Bust out the bottled water and plywood! Florida’s bracing for its first big storm of the season, and if some predictions are accurate, it could be a real doozy.
Hurricane Dorian, which is sitting pretty as a Category 2 a few hundred miles northwest of Puerto Rico, is inching through the Caribbean on its way to Florida. Along the way, it’s predicted to slow and gain strength from the warm waters near the Bahamas, before making a full charge into the Sunshine State on Monday night as a possible Category 4.
The last storm that strong to hit was Hurricane Andrew in 1992.
Governor Ron DeSantis has already declared a state of emergency in all 67 Florida counties, and 2,000 National Guard troops have been mobilized. The US Navy moved over 50 of its Florida-based planes to states outside the storm’s path. Florida State University even moved its season opener in Jacksonville against Boise State back to Tallahassee. However you look at it, Dorian is something serious.
“It’s going to impact the entirety of Florida, and residents need to be prepared,” Pete Gaynor, acting FEMA administrator said on CNN’s New Day. “So take the time now…to understand what your local risk is.”

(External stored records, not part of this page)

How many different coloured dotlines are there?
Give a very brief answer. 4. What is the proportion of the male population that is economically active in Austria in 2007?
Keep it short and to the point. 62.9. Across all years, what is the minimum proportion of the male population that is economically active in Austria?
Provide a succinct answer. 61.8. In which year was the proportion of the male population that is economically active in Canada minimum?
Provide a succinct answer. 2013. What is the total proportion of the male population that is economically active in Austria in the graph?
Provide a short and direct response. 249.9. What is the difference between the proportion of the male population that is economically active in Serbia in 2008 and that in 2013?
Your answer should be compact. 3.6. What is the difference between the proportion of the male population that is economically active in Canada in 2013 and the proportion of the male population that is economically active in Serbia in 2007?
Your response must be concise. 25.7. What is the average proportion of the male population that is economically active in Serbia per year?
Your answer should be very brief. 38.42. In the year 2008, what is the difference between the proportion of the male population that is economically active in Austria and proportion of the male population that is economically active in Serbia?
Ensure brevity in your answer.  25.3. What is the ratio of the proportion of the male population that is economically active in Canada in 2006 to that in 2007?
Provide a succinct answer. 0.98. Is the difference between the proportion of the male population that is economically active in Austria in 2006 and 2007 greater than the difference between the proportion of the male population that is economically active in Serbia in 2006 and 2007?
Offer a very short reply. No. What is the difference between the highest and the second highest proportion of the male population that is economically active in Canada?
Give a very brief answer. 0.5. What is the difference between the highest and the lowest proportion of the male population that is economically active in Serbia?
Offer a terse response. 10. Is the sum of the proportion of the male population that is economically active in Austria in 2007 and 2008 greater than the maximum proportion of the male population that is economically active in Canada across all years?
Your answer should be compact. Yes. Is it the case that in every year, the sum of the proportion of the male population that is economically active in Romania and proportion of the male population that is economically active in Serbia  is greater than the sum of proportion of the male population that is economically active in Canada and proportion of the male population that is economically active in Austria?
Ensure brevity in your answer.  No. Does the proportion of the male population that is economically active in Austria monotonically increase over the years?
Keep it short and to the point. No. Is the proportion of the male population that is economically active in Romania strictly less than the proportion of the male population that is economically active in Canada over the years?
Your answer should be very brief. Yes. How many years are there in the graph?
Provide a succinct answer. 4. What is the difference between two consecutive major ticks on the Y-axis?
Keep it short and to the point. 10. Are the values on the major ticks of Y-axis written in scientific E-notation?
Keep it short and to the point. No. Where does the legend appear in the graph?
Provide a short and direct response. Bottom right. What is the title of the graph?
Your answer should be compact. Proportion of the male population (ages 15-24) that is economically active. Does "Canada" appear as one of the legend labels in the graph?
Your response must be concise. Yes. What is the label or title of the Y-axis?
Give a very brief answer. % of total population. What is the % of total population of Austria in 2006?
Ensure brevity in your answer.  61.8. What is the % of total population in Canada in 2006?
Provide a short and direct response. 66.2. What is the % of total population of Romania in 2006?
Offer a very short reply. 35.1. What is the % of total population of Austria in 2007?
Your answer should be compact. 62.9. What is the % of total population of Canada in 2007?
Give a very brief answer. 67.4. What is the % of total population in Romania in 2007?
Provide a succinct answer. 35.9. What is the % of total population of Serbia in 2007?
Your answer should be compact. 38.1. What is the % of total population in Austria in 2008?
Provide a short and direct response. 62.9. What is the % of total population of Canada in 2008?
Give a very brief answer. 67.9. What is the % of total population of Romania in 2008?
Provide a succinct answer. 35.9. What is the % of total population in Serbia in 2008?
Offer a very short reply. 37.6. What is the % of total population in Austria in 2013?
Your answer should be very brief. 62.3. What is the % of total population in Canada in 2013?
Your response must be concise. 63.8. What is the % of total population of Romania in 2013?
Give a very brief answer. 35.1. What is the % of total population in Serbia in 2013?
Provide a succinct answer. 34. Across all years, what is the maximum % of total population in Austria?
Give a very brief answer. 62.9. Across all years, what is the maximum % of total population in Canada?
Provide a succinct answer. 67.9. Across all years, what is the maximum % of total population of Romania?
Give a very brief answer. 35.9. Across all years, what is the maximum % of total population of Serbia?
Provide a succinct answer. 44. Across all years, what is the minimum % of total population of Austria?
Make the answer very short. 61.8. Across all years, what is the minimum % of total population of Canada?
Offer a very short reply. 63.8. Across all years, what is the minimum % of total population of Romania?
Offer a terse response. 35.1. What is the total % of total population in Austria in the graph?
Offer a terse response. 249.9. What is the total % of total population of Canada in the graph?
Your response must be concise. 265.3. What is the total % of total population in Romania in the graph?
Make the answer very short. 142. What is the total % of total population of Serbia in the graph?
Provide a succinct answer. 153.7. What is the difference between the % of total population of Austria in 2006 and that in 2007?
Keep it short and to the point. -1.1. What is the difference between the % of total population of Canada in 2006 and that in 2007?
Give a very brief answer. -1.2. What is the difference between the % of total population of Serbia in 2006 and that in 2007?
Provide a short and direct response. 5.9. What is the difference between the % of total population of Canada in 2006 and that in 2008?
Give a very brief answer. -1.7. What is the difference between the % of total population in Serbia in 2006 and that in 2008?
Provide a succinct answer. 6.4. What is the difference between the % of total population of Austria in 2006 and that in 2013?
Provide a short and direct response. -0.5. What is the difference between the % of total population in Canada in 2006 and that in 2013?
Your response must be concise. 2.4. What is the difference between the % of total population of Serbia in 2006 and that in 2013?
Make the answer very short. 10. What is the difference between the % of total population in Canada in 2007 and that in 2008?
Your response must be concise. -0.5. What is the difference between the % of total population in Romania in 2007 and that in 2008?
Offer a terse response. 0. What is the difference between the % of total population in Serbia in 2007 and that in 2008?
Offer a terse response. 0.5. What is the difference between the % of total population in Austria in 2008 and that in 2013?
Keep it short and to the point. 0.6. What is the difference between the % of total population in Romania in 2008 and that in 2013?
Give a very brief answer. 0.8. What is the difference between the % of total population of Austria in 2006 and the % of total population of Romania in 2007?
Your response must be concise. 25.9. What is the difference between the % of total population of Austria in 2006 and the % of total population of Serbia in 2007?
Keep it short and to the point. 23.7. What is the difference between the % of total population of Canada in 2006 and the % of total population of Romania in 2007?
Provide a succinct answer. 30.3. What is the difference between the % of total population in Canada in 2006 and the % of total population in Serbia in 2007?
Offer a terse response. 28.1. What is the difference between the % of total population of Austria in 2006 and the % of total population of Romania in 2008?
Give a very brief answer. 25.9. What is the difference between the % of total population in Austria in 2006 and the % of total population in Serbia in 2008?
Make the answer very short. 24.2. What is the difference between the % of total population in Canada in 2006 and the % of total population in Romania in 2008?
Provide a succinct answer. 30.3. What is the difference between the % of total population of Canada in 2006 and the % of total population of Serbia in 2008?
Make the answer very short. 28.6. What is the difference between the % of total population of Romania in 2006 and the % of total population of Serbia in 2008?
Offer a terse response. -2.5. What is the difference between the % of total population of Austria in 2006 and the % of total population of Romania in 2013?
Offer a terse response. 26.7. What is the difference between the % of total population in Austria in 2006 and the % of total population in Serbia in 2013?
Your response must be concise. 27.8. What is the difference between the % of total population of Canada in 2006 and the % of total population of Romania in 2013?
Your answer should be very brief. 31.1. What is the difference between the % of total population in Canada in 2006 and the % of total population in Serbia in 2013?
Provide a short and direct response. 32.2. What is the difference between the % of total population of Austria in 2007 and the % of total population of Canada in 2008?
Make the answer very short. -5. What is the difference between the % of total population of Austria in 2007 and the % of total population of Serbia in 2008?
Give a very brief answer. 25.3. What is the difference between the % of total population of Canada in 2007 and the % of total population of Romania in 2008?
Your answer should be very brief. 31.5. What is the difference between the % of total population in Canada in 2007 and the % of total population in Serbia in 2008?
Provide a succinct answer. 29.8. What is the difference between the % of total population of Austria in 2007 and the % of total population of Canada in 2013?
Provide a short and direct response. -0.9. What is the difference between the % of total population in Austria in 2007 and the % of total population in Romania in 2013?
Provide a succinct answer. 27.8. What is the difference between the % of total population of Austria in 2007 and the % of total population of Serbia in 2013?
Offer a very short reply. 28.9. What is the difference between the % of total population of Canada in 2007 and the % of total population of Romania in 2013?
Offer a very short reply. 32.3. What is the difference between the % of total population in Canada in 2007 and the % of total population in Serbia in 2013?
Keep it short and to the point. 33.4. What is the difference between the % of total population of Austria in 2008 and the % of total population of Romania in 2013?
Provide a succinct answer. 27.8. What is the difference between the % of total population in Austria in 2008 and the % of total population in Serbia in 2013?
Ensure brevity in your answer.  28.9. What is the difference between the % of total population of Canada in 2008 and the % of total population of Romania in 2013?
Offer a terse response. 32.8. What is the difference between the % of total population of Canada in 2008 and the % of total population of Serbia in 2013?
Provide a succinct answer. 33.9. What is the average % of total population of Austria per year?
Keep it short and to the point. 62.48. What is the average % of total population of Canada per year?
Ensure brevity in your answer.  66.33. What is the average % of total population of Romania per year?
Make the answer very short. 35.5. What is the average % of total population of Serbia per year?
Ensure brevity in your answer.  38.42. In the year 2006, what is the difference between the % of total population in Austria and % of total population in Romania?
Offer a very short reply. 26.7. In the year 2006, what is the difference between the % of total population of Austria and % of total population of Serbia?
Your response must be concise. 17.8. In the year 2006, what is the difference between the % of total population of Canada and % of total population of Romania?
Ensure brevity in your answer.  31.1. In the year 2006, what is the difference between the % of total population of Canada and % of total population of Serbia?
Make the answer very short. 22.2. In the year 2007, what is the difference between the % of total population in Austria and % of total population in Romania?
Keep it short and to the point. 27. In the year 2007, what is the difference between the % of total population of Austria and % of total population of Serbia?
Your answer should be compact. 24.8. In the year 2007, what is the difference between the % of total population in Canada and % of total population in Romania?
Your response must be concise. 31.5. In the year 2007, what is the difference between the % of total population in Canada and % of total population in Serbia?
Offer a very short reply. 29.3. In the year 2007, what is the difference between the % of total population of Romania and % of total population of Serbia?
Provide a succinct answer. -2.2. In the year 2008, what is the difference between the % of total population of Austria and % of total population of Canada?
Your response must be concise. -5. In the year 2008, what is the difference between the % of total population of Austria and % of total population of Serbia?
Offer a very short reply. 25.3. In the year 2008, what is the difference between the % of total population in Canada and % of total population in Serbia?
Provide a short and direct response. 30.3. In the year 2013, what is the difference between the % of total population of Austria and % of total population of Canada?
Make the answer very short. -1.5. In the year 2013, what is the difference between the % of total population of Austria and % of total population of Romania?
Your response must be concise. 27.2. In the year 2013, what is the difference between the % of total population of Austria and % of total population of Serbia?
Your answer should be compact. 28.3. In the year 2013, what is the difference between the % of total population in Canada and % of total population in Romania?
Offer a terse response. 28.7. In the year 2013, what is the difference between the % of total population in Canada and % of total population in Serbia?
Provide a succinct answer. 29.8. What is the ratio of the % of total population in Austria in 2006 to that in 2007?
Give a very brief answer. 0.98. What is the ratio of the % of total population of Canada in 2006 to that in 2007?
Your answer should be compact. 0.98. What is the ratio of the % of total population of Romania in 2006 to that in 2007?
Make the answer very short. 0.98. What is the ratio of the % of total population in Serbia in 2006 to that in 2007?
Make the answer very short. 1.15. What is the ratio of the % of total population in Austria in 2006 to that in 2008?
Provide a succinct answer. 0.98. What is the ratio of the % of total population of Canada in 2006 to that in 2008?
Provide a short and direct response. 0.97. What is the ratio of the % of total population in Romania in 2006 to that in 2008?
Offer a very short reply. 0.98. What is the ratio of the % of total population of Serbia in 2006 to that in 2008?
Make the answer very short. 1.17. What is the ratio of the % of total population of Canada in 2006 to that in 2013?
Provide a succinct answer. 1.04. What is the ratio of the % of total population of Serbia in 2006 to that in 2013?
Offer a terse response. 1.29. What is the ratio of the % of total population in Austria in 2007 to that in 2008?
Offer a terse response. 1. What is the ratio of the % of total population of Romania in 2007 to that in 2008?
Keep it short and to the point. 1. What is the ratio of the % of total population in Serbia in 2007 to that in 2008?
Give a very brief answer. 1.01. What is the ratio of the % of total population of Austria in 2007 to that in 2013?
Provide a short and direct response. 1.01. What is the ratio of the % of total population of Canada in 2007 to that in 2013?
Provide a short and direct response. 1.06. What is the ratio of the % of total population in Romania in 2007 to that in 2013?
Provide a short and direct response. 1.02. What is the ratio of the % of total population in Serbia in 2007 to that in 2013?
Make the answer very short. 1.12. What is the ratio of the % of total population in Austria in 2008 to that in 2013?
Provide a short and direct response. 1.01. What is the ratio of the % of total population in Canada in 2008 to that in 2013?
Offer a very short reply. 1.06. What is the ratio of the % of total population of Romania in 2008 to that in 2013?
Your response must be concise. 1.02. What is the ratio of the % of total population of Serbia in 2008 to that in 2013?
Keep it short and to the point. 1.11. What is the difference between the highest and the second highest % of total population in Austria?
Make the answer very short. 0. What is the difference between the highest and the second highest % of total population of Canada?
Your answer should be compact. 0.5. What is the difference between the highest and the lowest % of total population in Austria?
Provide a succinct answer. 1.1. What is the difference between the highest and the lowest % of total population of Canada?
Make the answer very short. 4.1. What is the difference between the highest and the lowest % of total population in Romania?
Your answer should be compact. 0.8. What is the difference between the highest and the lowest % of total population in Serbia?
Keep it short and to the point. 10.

If you don’t live in Florida, your “local risk” is probably watching too much storm coverage on TV and wasting your Labor Day weekend. If you DO live in Florida, or have any travel plans that involve Florida, you need to take some precautions.
Because Dorian is an unusual storm both due to its size and some other nearby systems that might affect its path, nobody’s quite sure where the storm is going to make landfall. The “cone of concern” as weather people call it, literally stretches from Jacksonville down to Key West, putting the entire state on high alert. And as the storm progresses, that may change.
If you have any flights that involve Florida, Georgia, or the Caribbean between now and Wednesday, airlines are offering waivers for your flights. Meaning you can change or cancel with no penalty. If travel to the Sunshine State is a must, understand that most airports will probably begin shutting down Sunday in preparation for landfall late-Monday, so if you’re not out by then you may need to drive.
And if evacuations ahead of Hurricane Irma in 2017 are any indication — when motorists told stories of 20-hour drives from Miami to Atlanta — that may be a highly unpleasant option.